Yes, and I will give you two reasons, my man. A bit of Chris LXXIX '*Extreme Wisdom*' combined with a kinda old good Chinese wise view of once 

1) Two freezers are *always *better than one. Those that say the opposite are lying.

2) Buying a new freezer, obviously you throw 'fresh cash' in the market, thus helping the economy, even if only a little. Bucks are made for being throwed outside the window, after all, plus we doesn't want to end like those old Scrooges that lived a life of savings then, when their filthy socks turns 'off', at not even the funeral there's already an helluva of relatives that, like badass vultures in Arizona, seeks for - not spended before by the old good dear dead - bucks

Reactions: Funny 2


----------



## Najakeeper (Dec 11, 2017)

I kept my rodents with my other frozen food until I got married, had no issues for years.
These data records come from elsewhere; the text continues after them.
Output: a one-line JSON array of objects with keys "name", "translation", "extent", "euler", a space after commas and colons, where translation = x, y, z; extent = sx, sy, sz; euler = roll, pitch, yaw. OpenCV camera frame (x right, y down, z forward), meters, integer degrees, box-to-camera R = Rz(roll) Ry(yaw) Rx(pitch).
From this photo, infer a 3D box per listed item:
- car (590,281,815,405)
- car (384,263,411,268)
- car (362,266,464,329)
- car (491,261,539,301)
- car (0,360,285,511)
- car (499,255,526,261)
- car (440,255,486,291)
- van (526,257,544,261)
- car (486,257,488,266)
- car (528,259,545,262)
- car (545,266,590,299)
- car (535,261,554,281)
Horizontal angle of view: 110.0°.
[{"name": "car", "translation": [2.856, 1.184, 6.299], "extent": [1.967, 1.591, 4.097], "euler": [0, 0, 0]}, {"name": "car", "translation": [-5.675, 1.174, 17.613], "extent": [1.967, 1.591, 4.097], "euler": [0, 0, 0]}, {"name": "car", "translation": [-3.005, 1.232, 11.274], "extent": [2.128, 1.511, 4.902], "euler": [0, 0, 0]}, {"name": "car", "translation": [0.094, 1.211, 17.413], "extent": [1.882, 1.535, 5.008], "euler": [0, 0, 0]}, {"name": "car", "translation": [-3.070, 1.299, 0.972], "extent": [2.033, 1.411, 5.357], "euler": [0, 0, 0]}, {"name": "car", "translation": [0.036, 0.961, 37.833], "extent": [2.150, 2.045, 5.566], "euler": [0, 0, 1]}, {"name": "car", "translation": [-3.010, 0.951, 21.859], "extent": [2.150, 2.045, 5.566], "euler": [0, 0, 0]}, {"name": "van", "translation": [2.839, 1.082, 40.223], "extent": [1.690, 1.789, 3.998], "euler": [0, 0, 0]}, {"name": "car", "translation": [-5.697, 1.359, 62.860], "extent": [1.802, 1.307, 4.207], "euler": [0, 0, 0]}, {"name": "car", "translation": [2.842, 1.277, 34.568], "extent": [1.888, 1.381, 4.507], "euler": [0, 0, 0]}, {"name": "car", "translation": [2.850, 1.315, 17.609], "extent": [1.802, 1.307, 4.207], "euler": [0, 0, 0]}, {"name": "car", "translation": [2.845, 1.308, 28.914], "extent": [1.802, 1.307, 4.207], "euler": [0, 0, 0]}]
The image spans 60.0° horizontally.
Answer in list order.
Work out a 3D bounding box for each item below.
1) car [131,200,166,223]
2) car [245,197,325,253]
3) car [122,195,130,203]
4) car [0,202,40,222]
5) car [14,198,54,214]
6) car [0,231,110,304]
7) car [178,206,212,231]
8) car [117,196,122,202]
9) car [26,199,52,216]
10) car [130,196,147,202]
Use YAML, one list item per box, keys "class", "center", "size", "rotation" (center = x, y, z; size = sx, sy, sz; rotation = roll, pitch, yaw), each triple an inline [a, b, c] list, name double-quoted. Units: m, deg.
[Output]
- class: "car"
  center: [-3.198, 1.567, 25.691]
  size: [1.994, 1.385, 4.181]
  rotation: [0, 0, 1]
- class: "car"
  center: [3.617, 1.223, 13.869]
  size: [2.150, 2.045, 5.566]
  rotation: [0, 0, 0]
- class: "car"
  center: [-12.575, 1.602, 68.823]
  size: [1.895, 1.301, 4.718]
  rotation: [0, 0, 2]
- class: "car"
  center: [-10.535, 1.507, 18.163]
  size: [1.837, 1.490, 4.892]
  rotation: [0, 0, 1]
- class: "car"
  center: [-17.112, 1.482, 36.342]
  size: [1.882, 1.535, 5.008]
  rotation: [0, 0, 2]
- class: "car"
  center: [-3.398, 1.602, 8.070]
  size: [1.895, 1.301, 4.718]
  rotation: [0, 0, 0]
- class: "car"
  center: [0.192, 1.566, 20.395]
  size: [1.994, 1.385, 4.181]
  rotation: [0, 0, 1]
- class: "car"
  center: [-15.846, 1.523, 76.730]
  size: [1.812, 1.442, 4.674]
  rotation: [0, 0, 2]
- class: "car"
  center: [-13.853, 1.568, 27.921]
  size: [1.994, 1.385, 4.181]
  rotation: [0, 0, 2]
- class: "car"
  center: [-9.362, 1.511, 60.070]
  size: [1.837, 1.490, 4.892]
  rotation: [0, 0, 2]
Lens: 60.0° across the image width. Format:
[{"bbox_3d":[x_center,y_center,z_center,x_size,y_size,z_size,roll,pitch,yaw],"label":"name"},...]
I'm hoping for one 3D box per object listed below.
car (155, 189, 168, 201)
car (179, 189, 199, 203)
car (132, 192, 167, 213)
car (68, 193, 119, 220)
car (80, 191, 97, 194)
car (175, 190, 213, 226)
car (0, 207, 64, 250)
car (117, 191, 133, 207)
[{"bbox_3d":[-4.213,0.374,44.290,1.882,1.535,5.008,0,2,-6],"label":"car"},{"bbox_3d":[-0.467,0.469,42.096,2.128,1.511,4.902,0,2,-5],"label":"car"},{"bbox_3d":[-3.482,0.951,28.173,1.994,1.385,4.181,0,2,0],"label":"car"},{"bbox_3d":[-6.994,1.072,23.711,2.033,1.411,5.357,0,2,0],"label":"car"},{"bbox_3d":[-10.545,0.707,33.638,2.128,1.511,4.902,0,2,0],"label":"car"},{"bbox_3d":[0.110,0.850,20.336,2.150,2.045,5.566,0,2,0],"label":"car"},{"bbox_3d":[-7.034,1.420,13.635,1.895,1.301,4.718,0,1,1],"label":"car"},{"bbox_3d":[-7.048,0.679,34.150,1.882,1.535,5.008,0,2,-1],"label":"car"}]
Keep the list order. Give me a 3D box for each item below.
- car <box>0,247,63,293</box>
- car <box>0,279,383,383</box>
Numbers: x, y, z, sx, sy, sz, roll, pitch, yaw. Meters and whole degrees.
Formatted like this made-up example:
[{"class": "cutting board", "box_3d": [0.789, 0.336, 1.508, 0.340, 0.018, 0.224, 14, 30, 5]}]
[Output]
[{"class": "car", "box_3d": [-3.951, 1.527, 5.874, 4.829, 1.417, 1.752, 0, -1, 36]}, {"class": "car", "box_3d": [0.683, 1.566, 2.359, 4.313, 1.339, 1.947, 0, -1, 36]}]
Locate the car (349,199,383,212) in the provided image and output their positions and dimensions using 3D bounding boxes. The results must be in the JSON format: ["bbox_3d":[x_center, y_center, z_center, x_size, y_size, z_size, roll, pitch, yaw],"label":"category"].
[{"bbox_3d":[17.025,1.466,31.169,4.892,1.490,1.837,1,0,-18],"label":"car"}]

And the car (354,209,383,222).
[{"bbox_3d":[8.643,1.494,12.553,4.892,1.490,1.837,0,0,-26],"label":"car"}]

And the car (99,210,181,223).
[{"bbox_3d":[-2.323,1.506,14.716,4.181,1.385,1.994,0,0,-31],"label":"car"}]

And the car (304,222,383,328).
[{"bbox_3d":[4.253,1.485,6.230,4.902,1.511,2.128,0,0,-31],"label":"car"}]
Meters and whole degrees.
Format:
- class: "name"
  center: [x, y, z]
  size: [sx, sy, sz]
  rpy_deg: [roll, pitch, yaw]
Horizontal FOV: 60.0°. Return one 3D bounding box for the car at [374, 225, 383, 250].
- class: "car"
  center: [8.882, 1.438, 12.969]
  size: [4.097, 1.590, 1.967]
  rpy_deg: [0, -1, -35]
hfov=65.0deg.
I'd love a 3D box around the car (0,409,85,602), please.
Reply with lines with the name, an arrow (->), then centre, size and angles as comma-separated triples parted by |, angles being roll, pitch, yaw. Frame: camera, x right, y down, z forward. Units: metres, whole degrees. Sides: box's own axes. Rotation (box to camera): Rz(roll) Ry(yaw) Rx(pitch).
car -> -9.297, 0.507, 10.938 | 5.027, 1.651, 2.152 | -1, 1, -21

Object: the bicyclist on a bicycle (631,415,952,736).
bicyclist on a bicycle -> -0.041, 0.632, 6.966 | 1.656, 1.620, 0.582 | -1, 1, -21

Once, you get married, there are other complications, which made me buy a freezer.

Reactions: Funny 2


----------



## CWilson1351 (Dec 11, 2017)

I keep or have kept rats, mice, and even chicks in the freezer near the food my family eats. As stated above, keep it contained and sealed separately, don't handle your food immediately after handling the mice, and wash your hands after touching the container. You should be fine.


----------



## silverhaze269 (Dec 11, 2017)

We keep ours in with our food, in double or triple ziplocks, and have had no issues...like others have said, the only issues come when someone goes in the freezer and unexpectedly finds them


----------



## Deb60 (Dec 11, 2017)

silverhaze269 said:


> We keep ours in with our food, in double or triple ziplocks, and have had no issues...like others have said, the only issues come when someone goes in the freezer and unexpectedly finds them


Yep it makes me cringe when I go in my daughters freezer ! Bugs don’t bother me but frozen rodents no . That Beening said I never likes Crickets , locust , and roaches , but having my Ts and Bearded Dragon I’m not bothered by them now .


----------